▶ [What needs to be done]:
Filter these entries so that only lines with the word "align" remain.

▶ [Dataset records]:
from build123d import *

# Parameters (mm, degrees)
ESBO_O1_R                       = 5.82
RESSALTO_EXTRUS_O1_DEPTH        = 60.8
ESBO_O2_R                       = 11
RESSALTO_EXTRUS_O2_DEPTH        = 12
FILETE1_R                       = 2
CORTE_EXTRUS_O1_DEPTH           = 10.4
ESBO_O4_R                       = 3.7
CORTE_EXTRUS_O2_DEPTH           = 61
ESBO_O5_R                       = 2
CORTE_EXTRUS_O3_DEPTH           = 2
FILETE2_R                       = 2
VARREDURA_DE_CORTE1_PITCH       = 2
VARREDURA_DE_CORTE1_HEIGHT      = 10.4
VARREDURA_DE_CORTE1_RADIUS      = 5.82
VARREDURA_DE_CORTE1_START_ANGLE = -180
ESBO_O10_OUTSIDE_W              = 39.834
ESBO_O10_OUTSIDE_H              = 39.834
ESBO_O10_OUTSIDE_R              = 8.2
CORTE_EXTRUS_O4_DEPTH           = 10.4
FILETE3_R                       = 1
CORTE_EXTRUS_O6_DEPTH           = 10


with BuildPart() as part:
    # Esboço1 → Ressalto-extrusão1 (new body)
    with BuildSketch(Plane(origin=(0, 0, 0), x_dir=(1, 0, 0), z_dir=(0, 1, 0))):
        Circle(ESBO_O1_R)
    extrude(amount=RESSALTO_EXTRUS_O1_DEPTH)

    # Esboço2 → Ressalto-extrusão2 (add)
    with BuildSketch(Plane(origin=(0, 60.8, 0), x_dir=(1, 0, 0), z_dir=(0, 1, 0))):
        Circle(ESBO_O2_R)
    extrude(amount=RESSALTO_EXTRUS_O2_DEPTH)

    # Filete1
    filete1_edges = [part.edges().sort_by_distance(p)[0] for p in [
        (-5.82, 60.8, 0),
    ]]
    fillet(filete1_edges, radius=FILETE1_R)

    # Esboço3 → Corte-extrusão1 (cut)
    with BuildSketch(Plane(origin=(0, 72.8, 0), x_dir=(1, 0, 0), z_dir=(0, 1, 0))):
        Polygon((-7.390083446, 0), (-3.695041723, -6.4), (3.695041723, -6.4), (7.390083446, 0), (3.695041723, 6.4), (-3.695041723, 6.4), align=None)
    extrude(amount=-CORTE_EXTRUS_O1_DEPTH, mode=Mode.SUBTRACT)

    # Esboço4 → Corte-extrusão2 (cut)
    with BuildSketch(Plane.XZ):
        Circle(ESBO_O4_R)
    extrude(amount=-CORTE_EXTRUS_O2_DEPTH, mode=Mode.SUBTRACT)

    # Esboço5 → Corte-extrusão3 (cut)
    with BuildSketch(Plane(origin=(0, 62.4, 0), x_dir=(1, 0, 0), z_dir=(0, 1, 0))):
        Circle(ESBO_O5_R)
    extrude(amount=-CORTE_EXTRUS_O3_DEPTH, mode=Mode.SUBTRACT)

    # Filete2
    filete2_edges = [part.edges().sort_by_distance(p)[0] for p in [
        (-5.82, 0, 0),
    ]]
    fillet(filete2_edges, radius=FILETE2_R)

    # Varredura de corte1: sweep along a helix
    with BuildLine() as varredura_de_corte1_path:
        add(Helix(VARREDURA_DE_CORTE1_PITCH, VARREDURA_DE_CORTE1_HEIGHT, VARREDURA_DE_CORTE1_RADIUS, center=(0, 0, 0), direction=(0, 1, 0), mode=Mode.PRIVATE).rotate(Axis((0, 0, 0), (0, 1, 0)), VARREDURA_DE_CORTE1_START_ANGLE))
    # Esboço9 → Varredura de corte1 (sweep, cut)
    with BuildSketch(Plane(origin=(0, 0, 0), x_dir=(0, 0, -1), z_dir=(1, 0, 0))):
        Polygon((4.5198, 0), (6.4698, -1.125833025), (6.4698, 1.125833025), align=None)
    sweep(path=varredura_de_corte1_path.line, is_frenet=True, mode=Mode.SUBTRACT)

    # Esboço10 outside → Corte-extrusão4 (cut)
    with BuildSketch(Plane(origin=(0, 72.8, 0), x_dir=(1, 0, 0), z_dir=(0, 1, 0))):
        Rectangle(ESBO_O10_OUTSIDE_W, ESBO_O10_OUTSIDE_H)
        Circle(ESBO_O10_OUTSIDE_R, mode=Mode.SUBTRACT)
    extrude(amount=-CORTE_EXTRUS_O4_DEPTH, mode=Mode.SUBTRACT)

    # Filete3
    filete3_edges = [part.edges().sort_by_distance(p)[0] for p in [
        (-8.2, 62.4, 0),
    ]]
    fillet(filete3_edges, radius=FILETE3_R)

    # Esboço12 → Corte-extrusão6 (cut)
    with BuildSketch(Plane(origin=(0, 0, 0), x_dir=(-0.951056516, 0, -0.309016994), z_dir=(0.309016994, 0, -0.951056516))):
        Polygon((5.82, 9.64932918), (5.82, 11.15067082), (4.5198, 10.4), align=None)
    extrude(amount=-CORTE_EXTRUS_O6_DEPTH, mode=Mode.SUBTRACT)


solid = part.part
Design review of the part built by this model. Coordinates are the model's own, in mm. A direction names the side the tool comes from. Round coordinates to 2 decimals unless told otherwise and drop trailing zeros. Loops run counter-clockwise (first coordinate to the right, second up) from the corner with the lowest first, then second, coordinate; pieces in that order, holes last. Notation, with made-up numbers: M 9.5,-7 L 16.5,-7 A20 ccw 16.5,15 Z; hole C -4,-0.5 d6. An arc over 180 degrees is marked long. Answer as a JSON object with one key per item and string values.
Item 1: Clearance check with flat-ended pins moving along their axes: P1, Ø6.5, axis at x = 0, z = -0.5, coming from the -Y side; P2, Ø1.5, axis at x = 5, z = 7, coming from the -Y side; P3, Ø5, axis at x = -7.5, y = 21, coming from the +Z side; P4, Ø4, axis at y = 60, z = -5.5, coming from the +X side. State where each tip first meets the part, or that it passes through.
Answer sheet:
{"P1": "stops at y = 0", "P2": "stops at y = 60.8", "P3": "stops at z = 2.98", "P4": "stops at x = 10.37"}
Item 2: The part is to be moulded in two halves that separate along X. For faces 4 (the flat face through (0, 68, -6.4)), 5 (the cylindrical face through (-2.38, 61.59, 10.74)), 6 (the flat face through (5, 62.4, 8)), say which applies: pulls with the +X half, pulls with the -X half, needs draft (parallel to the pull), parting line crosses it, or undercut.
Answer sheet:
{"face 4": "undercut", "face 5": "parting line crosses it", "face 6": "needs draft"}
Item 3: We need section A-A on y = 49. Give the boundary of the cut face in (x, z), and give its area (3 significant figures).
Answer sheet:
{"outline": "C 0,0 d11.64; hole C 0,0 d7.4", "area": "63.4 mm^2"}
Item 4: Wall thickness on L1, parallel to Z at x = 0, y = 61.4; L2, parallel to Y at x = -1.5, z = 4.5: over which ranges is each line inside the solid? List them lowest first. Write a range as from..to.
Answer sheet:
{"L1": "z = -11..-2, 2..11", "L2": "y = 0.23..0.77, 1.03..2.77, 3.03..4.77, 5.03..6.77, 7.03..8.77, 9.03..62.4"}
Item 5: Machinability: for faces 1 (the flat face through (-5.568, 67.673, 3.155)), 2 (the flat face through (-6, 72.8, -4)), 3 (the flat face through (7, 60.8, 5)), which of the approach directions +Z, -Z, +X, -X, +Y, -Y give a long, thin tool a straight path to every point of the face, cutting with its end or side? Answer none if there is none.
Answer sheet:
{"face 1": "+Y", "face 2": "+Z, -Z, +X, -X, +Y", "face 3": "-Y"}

▶ [Completed task]:
        Polygon((-7.390083446, 0), (-3.695041723, -6.4), (3.695041723, -6.4), (7.390083446, 0), (3.695041723, 6.4), (-3.695041723, 6.4), align=None)
        Polygon((4.5198, 0), (6.4698, -1.125833025), (6.4698, 1.125833025), align=None)
        Polygon((5.82, 9.64932918), (5.82, 11.15067082), (4.5198, 10.4), align=None)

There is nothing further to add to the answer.